Давайте посмотрим, каким образом на нашей все более рукотворной планете остается все меньше пространства для рядовых случайностей и появляется все больше пространства для случайностей из ряда вон выходящих. Сначала я опишу, как мы попадаем в Крайнестан. Потом рассмотрю его эволюцию.
Действительно ли мир настолько несправедлив? Я всю жизнь изучал случайность, занимался случайностью, ненавидел ее. Чем больше проходит времени, тем безотрадней становится картина, тем мне делается страшнее, и все большее отвращение вызывает у меня Мать-природа.
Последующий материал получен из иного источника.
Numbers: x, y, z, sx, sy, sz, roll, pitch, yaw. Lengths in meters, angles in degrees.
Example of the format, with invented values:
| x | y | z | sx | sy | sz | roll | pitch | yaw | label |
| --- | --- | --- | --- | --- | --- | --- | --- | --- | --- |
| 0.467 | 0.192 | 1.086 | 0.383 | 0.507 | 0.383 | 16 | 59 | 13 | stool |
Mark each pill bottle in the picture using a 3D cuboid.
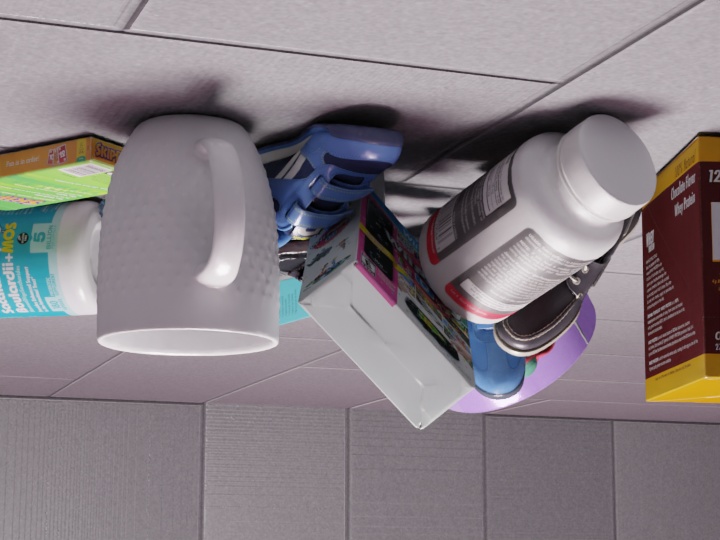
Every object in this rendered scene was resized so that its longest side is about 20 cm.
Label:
| x | y | z | sx | sy | sz | roll | pitch | yaw | label |
| --- | --- | --- | --- | --- | --- | --- | --- | --- | --- |
| -0.344 | -0.009 | 1.595 | 0.198 | 0.112 | 0.111 | -3 | 169 | 14 | pill bottle |
| 0.146 | -0.044 | 1.333 | 0.110 | 0.112 | 0.200 | 7 | 151 | -35 | pill bottle |

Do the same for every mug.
| x | y | z | sx | sy | sz | roll | pitch | yaw | label |
| --- | --- | --- | --- | --- | --- | --- | --- | --- | --- |
| -0.129 | -0.033 | 1.282 | 0.146 | 0.177 | 0.200 | 4 | 169 | -20 | mug |

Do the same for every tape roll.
| x | y | z | sx | sy | sz | roll | pitch | yaw | label |
| --- | --- | --- | --- | --- | --- | --- | --- | --- | --- |
| 0.151 | 0.062 | 1.751 | 0.199 | 0.201 | 0.066 | -8 | 125 | 38 | tape roll |

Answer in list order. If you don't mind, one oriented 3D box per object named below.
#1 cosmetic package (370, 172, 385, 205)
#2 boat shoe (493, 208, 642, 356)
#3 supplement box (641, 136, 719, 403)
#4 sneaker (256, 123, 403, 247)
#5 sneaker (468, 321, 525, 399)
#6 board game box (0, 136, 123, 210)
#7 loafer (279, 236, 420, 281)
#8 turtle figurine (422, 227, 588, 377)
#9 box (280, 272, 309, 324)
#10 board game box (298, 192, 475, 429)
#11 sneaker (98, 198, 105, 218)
| x | y | z | sx | sy | sz | roll | pitch | yaw | label |
| --- | --- | --- | --- | --- | --- | --- | --- | --- | --- |
| -0.050 | -0.050 | 1.544 | 0.149 | 0.052 | 0.200 | -3 | 169 | 1 | cosmetic package |
| 0.184 | -0.012 | 1.439 | 0.072 | 0.200 | 0.063 | 35 | 158 | 15 | boat shoe |
| 0.333 | 0.006 | 1.416 | 0.131 | 0.202 | 0.197 | 1 | 170 | -4 | supplement box |
| -0.030 | -0.071 | 1.340 | 0.073 | 0.083 | 0.199 | 8 | 165 | -32 | sneaker |
| 0.118 | 0.020 | 1.513 | 0.065 | 0.202 | 0.079 | -3 | 148 | 1 | sneaker |
| -0.279 | -0.082 | 1.432 | 0.198 | 0.030 | 0.095 | -10 | 165 | 32 | board game box |
| 0.000 | 0.000 | 1.502 | 0.198 | 0.064 | 0.072 | 3 | 168 | -30 | loafer |
| 0.118 | 0.044 | 1.596 | 0.149 | 0.200 | 0.101 | -38 | 158 | -20 | turtle figurine |
| -0.070 | 0.013 | 1.650 | 0.198 | 0.050 | 0.082 | -15 | -156 | -32 | box |
| 0.024 | 0.025 | 1.360 | 0.064 | 0.148 | 0.200 | -39 | -165 | 13 | board game box |
| -0.190 | -0.044 | 1.518 | 0.085 | 0.077 | 0.200 | -39 | 175 | -17 | sneaker |
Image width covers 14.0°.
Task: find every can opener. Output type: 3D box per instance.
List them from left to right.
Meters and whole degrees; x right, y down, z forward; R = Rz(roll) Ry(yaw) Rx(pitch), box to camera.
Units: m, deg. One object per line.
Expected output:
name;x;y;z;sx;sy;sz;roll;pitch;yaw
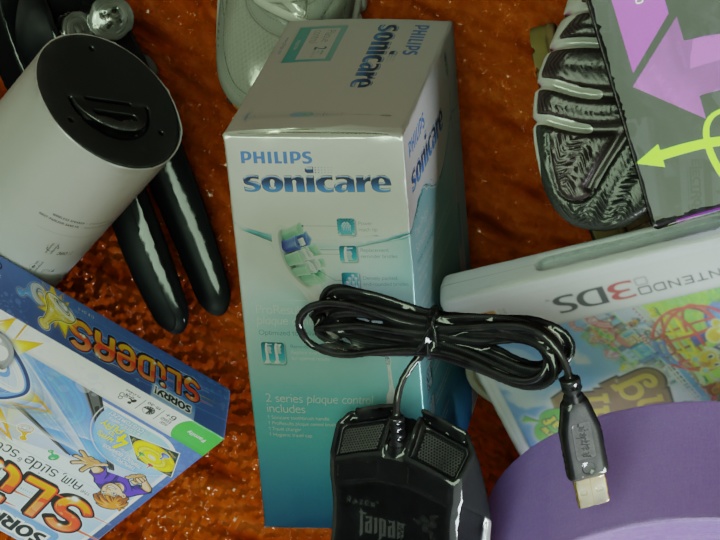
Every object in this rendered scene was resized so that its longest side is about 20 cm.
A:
can opener;-0.116;-0.065;1.456;0.063;0.079;0.200;-30;94;-25

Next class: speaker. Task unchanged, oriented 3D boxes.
speaker;-0.169;-0.025;1.414;0.081;0.081;0.200;47;129;3

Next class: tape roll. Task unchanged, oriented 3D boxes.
tape roll;0.156;0.143;1.352;0.200;0.200;0.066;-7;52;13

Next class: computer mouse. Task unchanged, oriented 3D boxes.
computer mouse;0.049;0.100;1.285;0.140;0.046;0.200;4;109;26

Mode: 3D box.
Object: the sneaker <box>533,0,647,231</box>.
sneaker;0.126;-0.112;1.337;0.076;0.116;0.200;11;86;5

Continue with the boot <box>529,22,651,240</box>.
boot;0.196;-0.066;1.382;0.200;0.066;0.175;-20;76;4

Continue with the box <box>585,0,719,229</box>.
box;0.200;-0.114;1.250;0.200;0.036;0.143;-17;89;5

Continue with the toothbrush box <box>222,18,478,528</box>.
toothbrush box;0.000;0.000;1.360;0.085;0.146;0.200;1;116;11

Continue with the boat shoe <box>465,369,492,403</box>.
boat shoe;0.141;0.063;1.406;0.200;0.057;0.067;28;127;-13

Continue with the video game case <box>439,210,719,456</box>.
video game case;0.156;0.059;1.343;0.182;0.022;0.200;-14;128;20

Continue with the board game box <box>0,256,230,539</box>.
board game box;-0.183;0.057;1.418;0.200;0.034;0.135;31;130;-25

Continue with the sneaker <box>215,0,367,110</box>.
sneaker;-0.025;-0.167;1.399;0.076;0.092;0.200;24;101;9

Чем больше я думаю о пресловутой случайности, тем больше обнаруживаю свидетельств, что мир наших о нем представлений совсем не похож на тот, который существует за нашими окнами. Каждое утро мир полнится новыми и новыми случайностями, а люди все меньше это понимают и позволяют себя дурачить. Положение становится уже невыносимым. Мне больно писать эти строки; мир омерзителен.
Два гуманитария (один из них — крупный экономист, другой — социолог) предлагают интуитивные модели возникновения и развития несправедливости. Оба ученых, пожалуй, слишком упрощают ситуацию. Я приведу здесь их идеи просто потому, что их легко понять, а не потому, что в них есть какая-то научная ценность. Потом я расскажу, как на проблему такого неравенства смотрят представители естественных наук.
Давайте начнем с экономиста Шервина Розена. В начале восьмидесятых он писал статьи об «экономике суперзвезд». В частности, его возмущало, что баскетболист может заработать 1,2 миллиона долларов в год, а популярный телеведущий даже целых 2 миллиона. Чтобы понять, как стремительно нарастает волна безумия, то есть с какой скоростью мы отдаляемся от Среднестана, вспомните, что всего двадцать лет спустя телевизионные знаменитости и звезды спорта (даже в Европе) заключают контракты на сотни миллионов долларов! Крайние показатели примерно (пока что) в двадцать раз выше, чем пару десятков лет назад!
По Розену, это неравенство вызвано «турнирным эффектом»: кто-нибудь, лишь не намного превосходящий прочих, может сорвать банк, оставив остальных ни с чем. Вспомним пример из главы 3: человек предпочтет запись Горовица за 10,99 доллара записи неизвестного пианиста за 9,99 доллара.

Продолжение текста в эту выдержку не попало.